二十数年ぶりの先生は、髪型も話し方もあの頃と同じで相変わらずとても元気そうだった。何より驚いたのが、教え子だった俺らのことを事細かに覚えていてくれたことだ。大勢の教え子の中の目立たないひとりだと思っていた俺のことも忘れずにいてくれて、だからこそいちばん言いたかった卒業後に偶然見かけた時に挨拶できなかった謝罪も、緊張しつつもすんなり伝えることができた。先生は「そんなことあった?」ととぼけてくれたのだが。登山部顧問だった先生は教員を退職され、最近は世界各国の山々に登り風景写真を撮ることを趣味としているそうだ。そして「今度写真展を開くから、興味があればぜひ!」と、案内状の絵葉書を渡された。
4月最後の日曜。俺らは先生の写真展を訪れるため、再び集まった。市立美術館のギャラリーをのぞくと、先生は来場された方の案内で忙しそうにしている。写真のことはてんでわからない俺だが、先生が撮られた写真は素人の俺が見てもすばらしい作品ばかりだった。山村の夕景と鮮やかな稜線、猛々しく切り立った岩山、繊細で可憐な高山植物。見ているだけでそこに行きたくなる写真ばかりだ。先生に声を掛けると、今日は最終日だからこのあと片付けがあるとおっしゃるので、俺らは喜んでお手伝いを買って出た。展示中の作品を外し丁寧に梱包するだけなので、数人でやれば10分程で終了した。写真を鑑賞するだけでも楽しかったのに、先生のお手伝いで会場の片付けなんて貴重な体験ができて、俺はひどくうれしかった。

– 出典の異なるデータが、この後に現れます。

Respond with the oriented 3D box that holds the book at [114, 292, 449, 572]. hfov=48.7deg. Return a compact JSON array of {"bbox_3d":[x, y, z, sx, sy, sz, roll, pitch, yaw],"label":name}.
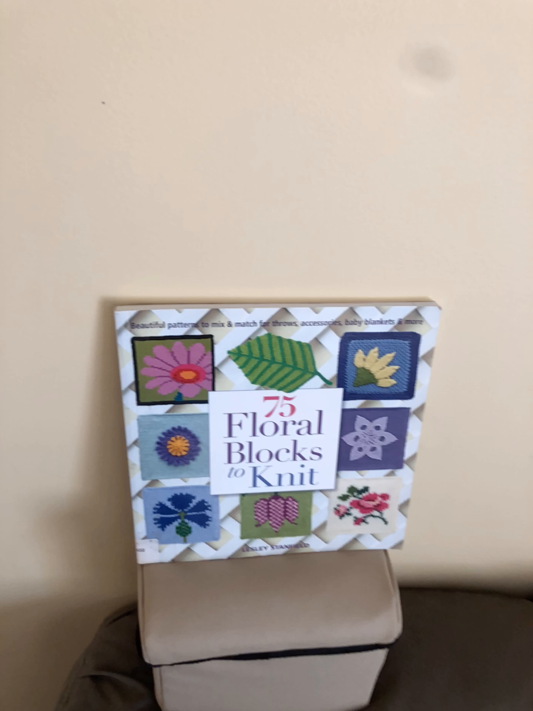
[{"bbox_3d":[0.008,0.060,0.429,0.218,0.215,0.020,-1,24,-8],"label":"book"}]
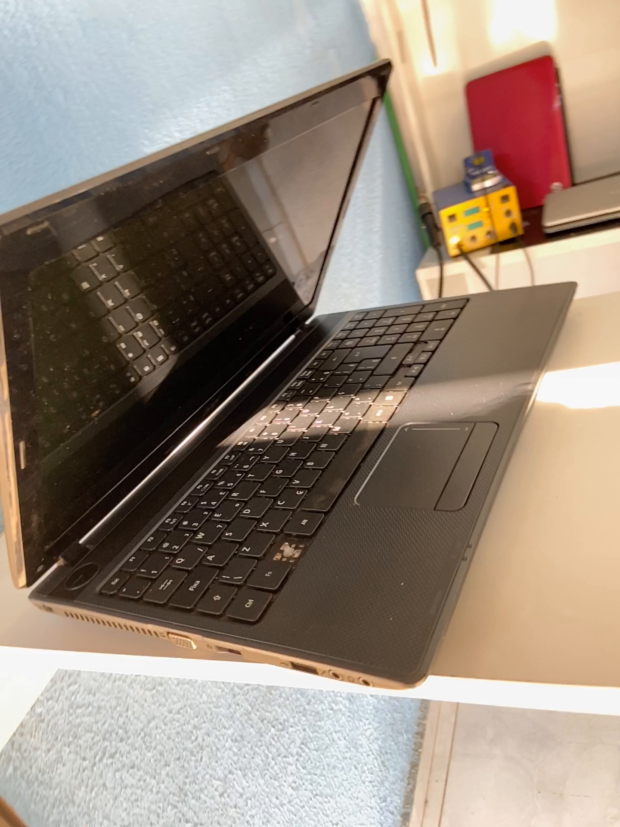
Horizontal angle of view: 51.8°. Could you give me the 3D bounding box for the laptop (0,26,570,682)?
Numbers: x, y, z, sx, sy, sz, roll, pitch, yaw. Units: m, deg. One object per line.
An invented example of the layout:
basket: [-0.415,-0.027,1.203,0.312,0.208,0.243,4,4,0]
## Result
laptop: [-0.014,-0.075,0.406,0.248,0.191,0.377,-3,31,34]
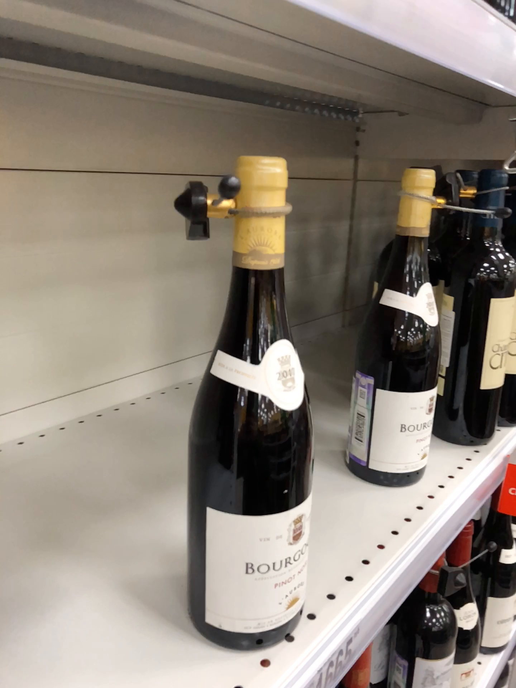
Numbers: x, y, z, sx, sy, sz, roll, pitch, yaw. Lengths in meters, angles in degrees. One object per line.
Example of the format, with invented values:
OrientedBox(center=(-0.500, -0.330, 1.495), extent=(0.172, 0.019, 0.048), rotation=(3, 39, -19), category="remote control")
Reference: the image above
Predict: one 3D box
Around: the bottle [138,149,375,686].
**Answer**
OrientedBox(center=(-0.005, 0.037, 0.343), extent=(0.090, 0.289, 0.090), rotation=(2, 16, -1), category="bottle")

大型連休が終わり、我が家に宅配便が届いた。開けると、お手製の額縁に入った先生の写真。峰と峰の間の深い渓谷を俯瞰して撮った、俺が最もステキだと感想を伝えた一枚だ。一緒に入っていた手紙には、片付けのお礼とその写真の解説も書かれていた。俺の何気ない感想を覚えていてくれた先生の気遣いと最高の贈り物に、感謝と恐縮があふれて仕方なかった。